Fredric Rzewski's Last Judgment - score, recordings, CJM program note

CJM's edition of Last Judgment available on Werner-Icking page of Rzewski scores (PDF and sib files)

Live recording of Last Judgment on Archive.org 
DownTown Ensemble's Flexible Orchestra Concert
St. Peter's Church, Chelsea, NYC
April 28, 2006


CJM’s Program Note for the April '06 performance of Fredric Rzewski’s 
Last Judgment: For Trombone Solo or Several Echoing Trombones Not Quite In Unison [1969]
I met Fredric Rzewski several years ago during his monumental performance run of the solo piano work The Road at The Kitchen. We were sitting down for beer(s) afterward with his old friend Steve ben Israel, an early member of Living Theater, and the speaker's voice heard on the original 1971 Opus One recording of Coming Together. At any rate, we were (well, Fredric was) talking about how little New York had changed in 30 plus years. No elevators in the subway, this sort of thing.

Not wanting to go anywhere near a counter-argument with Mr. Rzewski, I switched the subject and mentioned that my group TILT Brass Band had just performed his 1969 process piece Les Mouton de Panurge. This was very intriguing to him, and he said, "well, you know, there's a trombone piece from around the same time. I shall put you in contact with my manager and you should play it." I admire the man's work a great deal, so this concert is my (initial) fulfillment of his suggestion.

Last Judgment does fall well within Rzewski's compositional interests at the time. Like Mouton, and the original concept behind Musica Elettronica Viva, his subtitle of "For Trombone Solo or Several Echoing Trombones Not Quite In Unison" intends an inclusive and non-hierarchical spirit. MEV was (as Fredric put it in an email) "trying, by introducing audience participation into our concerts, to break down the caste differences between 'musicians' and 'amateurs'. So we invited beginners... to play in our concerts and paid them like everybody else. This sometimes produced interesting, though also dreadful, results." He continued, "We used to have a guy in our group, Franco Cataldi, who wanted to play the trombone but couldn't (unlike a gentleman). His ambition was to do the 'Tuba Mirum' solo... so I thought of this piece which is really too difficult even for a very good soloist, but could be done if enough players, both good and mediocre, teamed up together. The idea of the title is that it doesn't matter who gets to Heaven first, because they just have to wait so that we all go in together."

We have no amateurs or mediocre players to speak of in this Orchestra, but the work's frequent meter changes, duration, and range make for a difficult blow to be sure. The decision was made in rehearsal to execute the piece as essentially 10 soloists.
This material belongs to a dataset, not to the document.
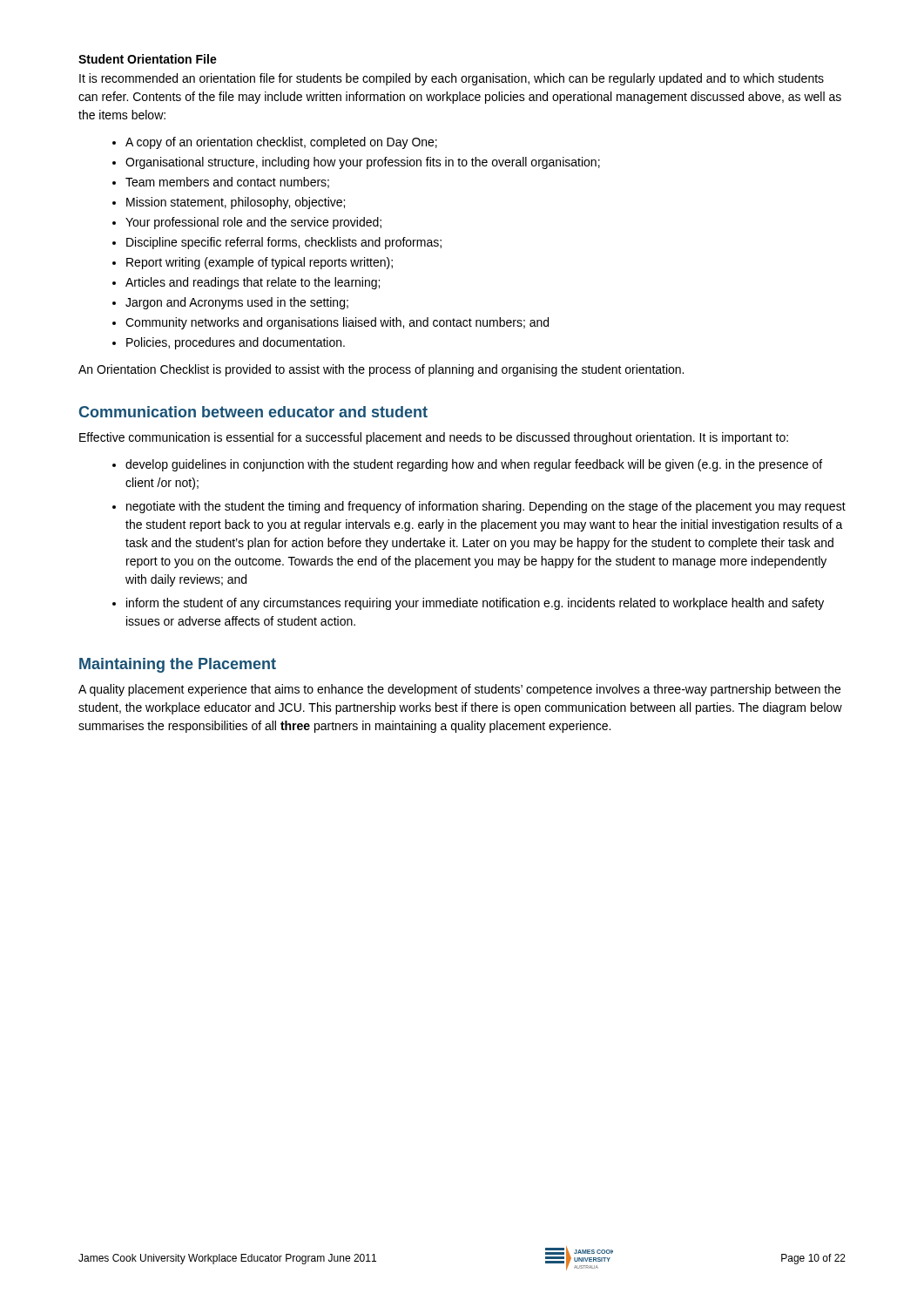The image size is (924, 1307).
Task: Select the passage starting "Policies, procedures and documentation."
Action: [236, 342]

Again like Les Mouton, the sound of the group going in and out of unison becomes the aesthetic of the piece itself, creating a novel and quite beautiful sonority.

For the trombonophiles in the audience, the piece does indeed incorporate the opening intervals of Mozart's ubiquitous (at least for orchestral auditioners) Tuba Mirum solo from the Requiem. Using the classic Minimalist additive process, Last Judgment is truly a "fantasy" on both the musical material and apocalyptic meaning behind the Mozart work. It progresses through continually augmented phrases, mutating gradually from one to the next, with contrasted dynamics, and a tremendous finale hovering around the tenor trombone's ringing high B flat's and C's.

I saw Fredric again last Fall and mentioned the Flexible Orchestra's planned performance of Last Judgment. He thought it an excellent idea. Later, after discussion of trombones and trombonist's had continued, I mentioned the parenthetical phrase included above, (like a gentleman). A little Estonian vodka had taken hold of me, and I said "well, Fredric here regards trombonist's as gentlemen!". To which he replied, "Oh, I guess you don't know the old joke then: the man wanted to learn the trombone, but, like a gentleman, he didn't."